#### [Exercise goal]
All lines of the listing that contain "left" should be shown in full.

#### [Source records]
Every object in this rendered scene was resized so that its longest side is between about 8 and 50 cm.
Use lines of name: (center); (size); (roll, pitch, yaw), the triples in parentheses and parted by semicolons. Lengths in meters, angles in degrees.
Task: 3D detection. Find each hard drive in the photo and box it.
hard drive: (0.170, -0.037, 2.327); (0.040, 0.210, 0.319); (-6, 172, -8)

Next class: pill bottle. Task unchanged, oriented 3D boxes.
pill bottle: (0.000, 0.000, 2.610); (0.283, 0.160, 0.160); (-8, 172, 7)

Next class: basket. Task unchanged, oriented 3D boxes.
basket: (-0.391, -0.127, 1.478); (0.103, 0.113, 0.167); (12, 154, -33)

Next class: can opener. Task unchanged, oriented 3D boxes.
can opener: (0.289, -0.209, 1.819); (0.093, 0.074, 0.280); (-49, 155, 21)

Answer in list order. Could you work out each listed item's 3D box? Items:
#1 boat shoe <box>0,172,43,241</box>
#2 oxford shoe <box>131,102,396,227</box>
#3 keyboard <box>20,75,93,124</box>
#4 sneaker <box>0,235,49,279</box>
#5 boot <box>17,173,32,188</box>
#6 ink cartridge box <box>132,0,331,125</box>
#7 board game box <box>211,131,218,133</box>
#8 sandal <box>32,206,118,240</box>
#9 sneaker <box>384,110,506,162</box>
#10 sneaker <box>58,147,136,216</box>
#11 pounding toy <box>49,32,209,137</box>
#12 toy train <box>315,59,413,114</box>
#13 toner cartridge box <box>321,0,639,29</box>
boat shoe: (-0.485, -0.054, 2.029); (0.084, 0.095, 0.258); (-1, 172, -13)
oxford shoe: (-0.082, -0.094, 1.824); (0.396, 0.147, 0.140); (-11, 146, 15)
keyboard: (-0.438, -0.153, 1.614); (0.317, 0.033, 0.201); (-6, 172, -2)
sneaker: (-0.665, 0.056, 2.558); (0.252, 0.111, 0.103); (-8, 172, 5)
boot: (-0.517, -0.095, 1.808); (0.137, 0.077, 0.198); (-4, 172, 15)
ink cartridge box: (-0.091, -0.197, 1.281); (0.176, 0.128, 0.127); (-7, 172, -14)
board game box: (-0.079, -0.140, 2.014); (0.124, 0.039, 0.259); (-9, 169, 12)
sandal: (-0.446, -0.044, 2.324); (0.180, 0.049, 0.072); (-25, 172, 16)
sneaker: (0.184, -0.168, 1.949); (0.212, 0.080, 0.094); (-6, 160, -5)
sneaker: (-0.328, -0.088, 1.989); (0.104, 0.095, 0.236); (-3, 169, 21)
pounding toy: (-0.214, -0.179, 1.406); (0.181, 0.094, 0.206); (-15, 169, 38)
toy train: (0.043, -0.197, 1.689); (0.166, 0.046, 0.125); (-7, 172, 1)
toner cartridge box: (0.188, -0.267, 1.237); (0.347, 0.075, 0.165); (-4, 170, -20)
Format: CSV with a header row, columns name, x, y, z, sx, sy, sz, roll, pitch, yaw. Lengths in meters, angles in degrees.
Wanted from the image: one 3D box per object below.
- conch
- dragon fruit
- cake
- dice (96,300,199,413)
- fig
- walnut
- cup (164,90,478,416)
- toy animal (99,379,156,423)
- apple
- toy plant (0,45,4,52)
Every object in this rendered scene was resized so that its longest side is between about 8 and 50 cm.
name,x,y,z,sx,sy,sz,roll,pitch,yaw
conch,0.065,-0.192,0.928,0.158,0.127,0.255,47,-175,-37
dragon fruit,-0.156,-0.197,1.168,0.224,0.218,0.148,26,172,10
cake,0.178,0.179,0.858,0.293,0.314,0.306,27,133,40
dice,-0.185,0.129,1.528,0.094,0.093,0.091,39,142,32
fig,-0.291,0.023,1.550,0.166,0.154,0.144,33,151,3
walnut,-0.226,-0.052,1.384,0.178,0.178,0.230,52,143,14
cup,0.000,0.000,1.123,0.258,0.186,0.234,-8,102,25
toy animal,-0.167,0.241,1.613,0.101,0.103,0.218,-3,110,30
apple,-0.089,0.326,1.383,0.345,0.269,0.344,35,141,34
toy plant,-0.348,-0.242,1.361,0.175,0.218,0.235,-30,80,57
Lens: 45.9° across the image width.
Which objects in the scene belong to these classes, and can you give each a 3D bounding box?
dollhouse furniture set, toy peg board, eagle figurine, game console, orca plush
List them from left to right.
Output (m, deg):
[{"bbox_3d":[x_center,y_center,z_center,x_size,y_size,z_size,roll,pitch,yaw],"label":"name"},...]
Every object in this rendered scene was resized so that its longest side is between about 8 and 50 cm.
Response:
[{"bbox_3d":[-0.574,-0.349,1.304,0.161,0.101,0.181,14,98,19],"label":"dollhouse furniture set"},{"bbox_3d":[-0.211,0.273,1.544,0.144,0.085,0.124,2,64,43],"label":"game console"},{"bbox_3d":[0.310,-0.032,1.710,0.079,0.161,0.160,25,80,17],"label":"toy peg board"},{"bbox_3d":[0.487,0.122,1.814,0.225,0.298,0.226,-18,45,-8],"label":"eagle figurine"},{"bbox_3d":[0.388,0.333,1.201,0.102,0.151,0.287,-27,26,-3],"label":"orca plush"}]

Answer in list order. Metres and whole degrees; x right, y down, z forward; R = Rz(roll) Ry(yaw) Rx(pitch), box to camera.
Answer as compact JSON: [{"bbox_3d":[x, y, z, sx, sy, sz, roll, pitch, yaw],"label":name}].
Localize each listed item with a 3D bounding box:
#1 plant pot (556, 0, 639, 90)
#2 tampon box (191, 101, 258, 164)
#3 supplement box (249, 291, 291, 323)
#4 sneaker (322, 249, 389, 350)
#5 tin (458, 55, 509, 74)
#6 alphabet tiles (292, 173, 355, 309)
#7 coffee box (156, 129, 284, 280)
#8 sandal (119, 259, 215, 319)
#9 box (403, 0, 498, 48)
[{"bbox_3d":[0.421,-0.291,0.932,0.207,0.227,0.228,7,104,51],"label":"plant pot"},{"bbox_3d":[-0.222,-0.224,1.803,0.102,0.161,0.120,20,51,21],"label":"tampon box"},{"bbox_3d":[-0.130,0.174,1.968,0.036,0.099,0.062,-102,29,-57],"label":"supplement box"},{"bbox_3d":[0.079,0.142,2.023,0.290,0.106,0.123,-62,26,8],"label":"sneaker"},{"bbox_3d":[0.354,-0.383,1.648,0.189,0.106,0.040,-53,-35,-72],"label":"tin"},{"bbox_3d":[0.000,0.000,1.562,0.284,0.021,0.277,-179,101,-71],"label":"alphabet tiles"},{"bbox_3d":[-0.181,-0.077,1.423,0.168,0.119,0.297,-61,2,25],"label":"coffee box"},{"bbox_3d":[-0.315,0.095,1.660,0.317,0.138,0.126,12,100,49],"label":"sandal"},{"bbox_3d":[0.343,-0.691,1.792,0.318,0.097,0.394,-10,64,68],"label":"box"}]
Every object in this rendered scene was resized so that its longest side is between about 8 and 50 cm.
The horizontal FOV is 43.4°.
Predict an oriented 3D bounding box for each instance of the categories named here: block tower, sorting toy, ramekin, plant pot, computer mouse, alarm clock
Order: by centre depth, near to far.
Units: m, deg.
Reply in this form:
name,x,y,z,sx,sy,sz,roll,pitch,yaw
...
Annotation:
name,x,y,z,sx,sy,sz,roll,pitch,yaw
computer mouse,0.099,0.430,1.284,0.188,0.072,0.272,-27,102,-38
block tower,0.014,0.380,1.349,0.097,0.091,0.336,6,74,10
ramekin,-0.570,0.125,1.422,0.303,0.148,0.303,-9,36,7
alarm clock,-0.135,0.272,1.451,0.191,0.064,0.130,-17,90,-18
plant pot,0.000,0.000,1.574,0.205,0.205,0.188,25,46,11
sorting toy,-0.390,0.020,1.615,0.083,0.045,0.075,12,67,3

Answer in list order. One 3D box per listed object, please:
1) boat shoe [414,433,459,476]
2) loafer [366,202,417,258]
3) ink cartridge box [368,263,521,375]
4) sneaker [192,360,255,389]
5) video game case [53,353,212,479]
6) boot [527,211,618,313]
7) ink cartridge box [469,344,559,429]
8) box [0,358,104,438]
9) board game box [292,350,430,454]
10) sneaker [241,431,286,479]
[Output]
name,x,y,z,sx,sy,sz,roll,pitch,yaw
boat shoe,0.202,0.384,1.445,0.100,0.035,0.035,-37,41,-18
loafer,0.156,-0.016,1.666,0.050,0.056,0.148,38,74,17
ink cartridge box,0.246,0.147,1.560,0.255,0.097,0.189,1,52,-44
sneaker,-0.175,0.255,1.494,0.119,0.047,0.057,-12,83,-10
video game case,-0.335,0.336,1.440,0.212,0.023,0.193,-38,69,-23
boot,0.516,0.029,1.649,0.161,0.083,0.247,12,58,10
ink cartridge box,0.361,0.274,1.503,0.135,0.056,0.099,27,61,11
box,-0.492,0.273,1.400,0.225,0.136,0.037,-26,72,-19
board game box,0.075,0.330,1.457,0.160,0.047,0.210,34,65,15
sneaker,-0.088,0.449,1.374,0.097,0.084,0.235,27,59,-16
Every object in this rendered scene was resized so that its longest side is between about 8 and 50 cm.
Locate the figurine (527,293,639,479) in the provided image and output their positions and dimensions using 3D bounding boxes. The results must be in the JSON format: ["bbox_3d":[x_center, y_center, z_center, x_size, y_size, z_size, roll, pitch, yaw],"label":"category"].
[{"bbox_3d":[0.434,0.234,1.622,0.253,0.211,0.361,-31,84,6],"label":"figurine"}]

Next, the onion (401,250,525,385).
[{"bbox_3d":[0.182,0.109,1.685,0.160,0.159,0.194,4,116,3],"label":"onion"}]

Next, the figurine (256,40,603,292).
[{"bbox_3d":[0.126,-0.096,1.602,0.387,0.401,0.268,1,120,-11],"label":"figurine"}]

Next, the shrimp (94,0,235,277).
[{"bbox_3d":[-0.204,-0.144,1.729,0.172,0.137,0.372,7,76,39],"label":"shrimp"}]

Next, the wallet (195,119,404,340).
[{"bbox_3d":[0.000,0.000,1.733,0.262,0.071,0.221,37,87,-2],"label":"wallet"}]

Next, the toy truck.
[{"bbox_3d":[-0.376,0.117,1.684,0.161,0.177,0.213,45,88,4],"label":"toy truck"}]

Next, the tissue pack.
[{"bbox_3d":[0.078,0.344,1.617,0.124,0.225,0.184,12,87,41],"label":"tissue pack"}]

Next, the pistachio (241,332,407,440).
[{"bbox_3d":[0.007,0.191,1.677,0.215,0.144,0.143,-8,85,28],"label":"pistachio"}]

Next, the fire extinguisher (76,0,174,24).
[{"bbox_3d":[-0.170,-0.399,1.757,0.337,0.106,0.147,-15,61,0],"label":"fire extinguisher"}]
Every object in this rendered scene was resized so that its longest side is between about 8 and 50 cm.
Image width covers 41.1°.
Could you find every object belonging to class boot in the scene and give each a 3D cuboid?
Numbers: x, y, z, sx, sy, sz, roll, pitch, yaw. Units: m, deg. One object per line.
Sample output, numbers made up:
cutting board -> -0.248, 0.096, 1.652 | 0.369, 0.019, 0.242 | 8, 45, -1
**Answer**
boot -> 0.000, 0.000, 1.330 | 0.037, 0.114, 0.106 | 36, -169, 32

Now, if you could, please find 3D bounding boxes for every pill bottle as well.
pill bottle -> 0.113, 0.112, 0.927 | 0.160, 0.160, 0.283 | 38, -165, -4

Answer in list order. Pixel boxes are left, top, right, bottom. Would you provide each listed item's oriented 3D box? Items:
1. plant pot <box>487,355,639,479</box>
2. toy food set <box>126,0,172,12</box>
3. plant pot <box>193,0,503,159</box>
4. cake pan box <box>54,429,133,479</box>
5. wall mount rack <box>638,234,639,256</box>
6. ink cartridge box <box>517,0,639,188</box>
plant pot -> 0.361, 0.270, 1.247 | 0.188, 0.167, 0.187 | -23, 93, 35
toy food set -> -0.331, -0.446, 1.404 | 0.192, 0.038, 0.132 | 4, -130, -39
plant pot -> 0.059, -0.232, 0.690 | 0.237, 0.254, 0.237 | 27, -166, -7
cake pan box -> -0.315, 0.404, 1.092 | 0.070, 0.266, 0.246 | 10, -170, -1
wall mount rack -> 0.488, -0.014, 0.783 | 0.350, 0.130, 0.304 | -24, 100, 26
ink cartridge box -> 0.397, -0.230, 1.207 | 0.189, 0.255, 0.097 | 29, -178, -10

#### [Exercise response]
List them from left to right.
Answer in list order. Pixel boxes are left, top, right, bottom. Would you provide each listed item's oriented 3D box? Items:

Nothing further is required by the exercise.